Many of these smaller and auxiliary ships do not require the same degree of specialized construction as higher-end battle force vessels and could likely be built in commercial shipyards. Sourcing bids for these ship classes to commercial shipbuilders would inject new competition into an otherwise monopsonistic defense marketplace. Navy contracts for commercial-construction compatible ship-types would also support a struggling U.S. maritime industrial base. Finally, better leveraging commercial builders would free up capacity at the naval prime’s shipyards to, in turn, clear their own backlogs of higher-end U.S. vessels.

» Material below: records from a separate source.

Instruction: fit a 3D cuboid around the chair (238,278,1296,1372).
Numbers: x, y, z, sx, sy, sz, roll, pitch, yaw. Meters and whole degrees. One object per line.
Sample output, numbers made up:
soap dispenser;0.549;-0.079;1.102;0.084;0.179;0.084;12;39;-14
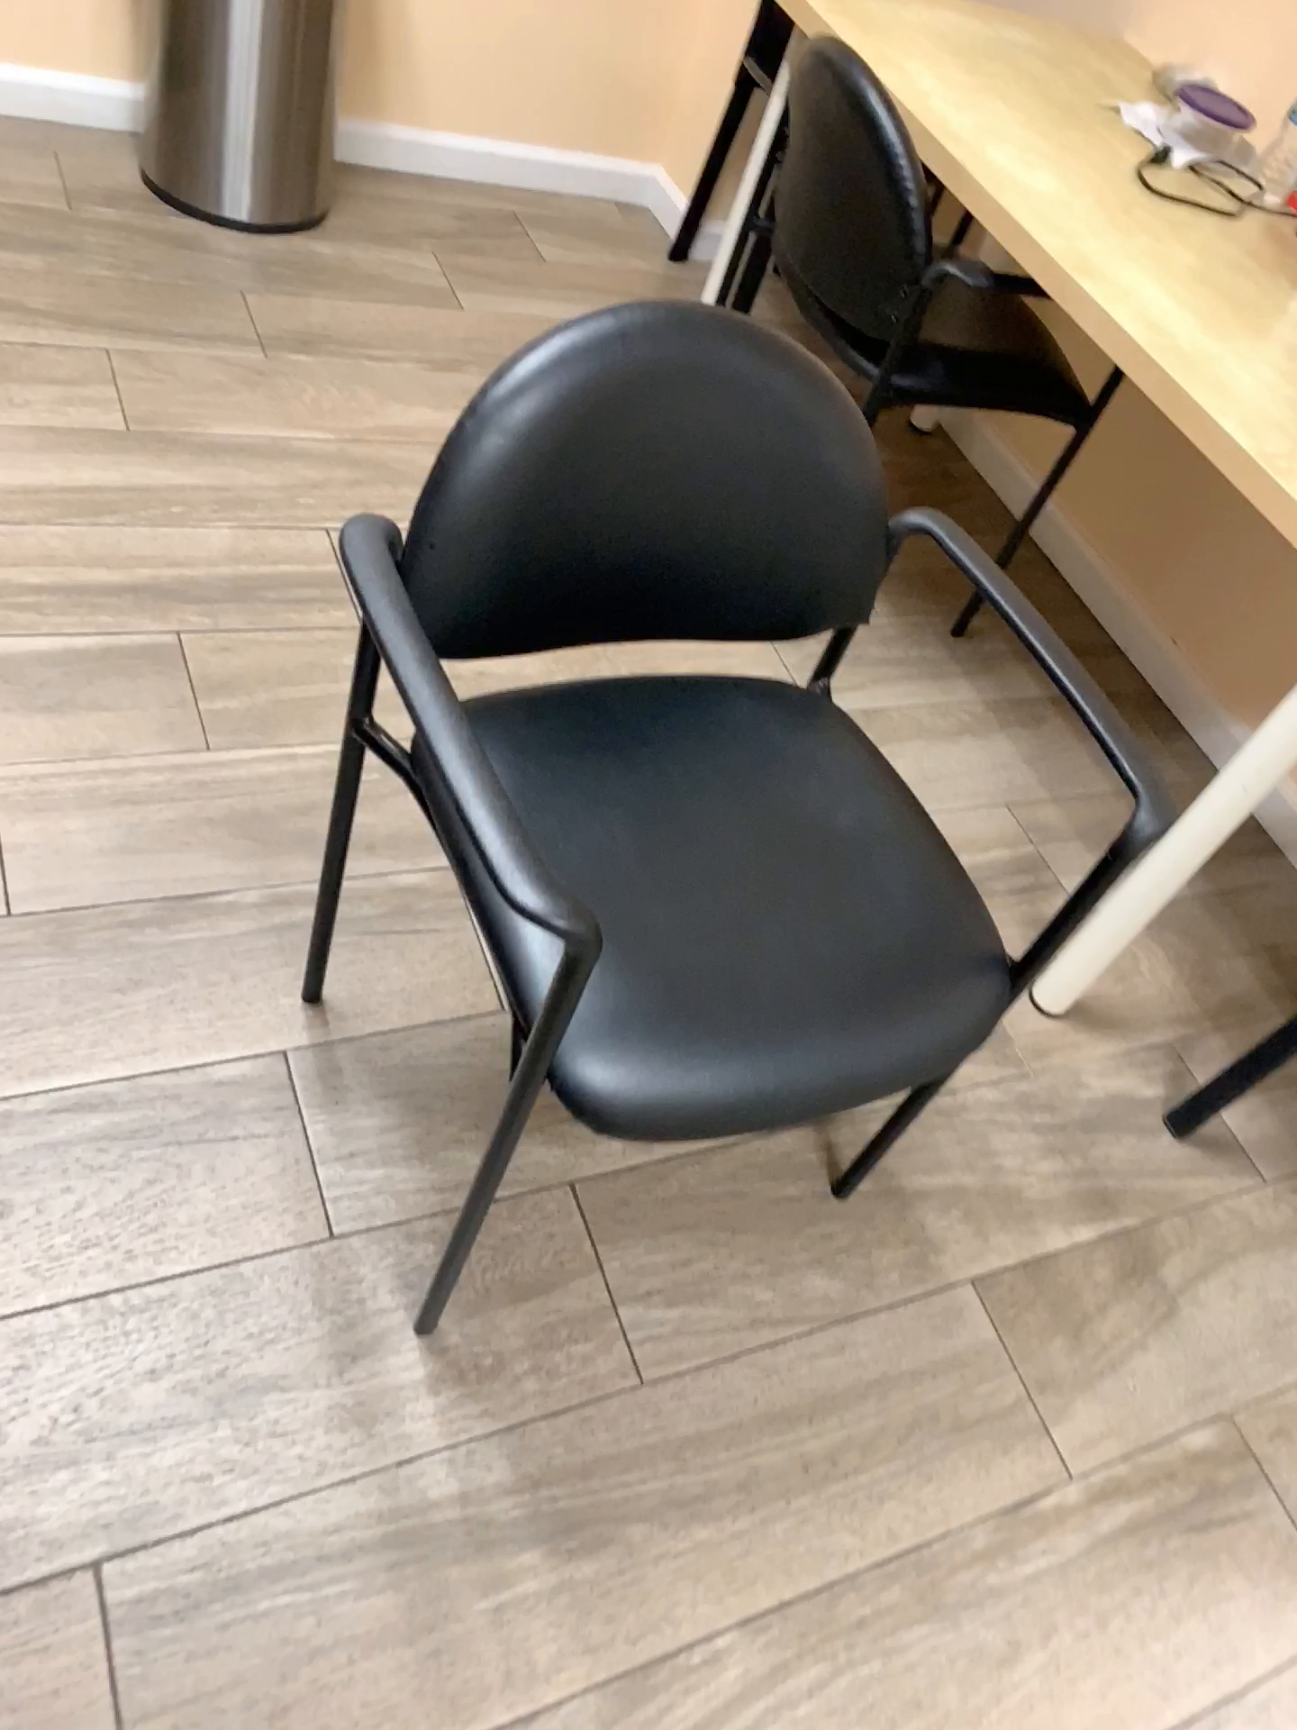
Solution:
chair;0.021;-0.020;1.189;0.592;0.736;0.521;-10;55;-29

As with transitioning toward a continuous production model, redesigning the fleet around what the United States can build requires sustained political commitment. A blue ribbon panel like the Commission on the Future of the Navy would be well-equipped to provide this sort of road-map, but Congress should be ready to make greater use of multi-year procurement appropriations to add enough industry certainty to invest toward meeting such a goal.
Conclusion
The U.S. Navy’s procurement, design, and construction problems are arguably more numerous than at any point in the past fifty years. On the service’s 250th anniversary, ensuring that the Navy can achieve its own plans to expand its force, and if need be, replace its losses, is crucial for its future ability to deter. Large investments in the maritime industrial base in an environment of business-as-usual naval procurement incentives will not result in the higher shipbuilding rates the Navy needs unless these institutional hurdles can be surmounted.
First, shipbuilders will not risk investing in expanded production capacity unless Congress offers them far greater certainty about future procurement rates. Instead of constantly changing precise battle force targets, the Navy should focus on a consistent demand signal for the maritime industrial base by adopting a continuous production model.

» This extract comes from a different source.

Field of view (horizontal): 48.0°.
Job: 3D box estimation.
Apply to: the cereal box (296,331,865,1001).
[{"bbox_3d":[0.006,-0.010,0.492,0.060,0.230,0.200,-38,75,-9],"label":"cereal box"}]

Second, the Navy needs to adopt best practices widespread in other industries to ensure that it can design and construct new ship classes on time and on budget. Optimizing ship designs for rapid, efficient construction and maintenance reduces labor costs and keeps the future in mind. More fundamentally, avoiding the short-sighted temptation to build ships before their designs are finished will save far more time and money on balance.
Finally, the Navy should rebalance its fleet to incorporate greater proportions of smaller and auxiliary ships that are faster and less expensive to produce and are capable of being built in commercial shipyards. Optimizing U.S. fleet composition and doctrine for what the United States can reliably produce will put the Navy on a more sustainable long-term footing to grow and have the capacity to replace losses.
For these options to be a possibility, Congressional action to support the Navy’s course correction is essential. Legislators should extend the deadline of the Commission on the Future of the Navy and increase their tolerance of multi-year procurement contracts, keeping the end-goals of consistent demand signals toward a long-term plan front-of-mind. Changing the American shipbuilding industry’s incentives will, in turn, change the scope of the goals available to the Navy in its next 250 years.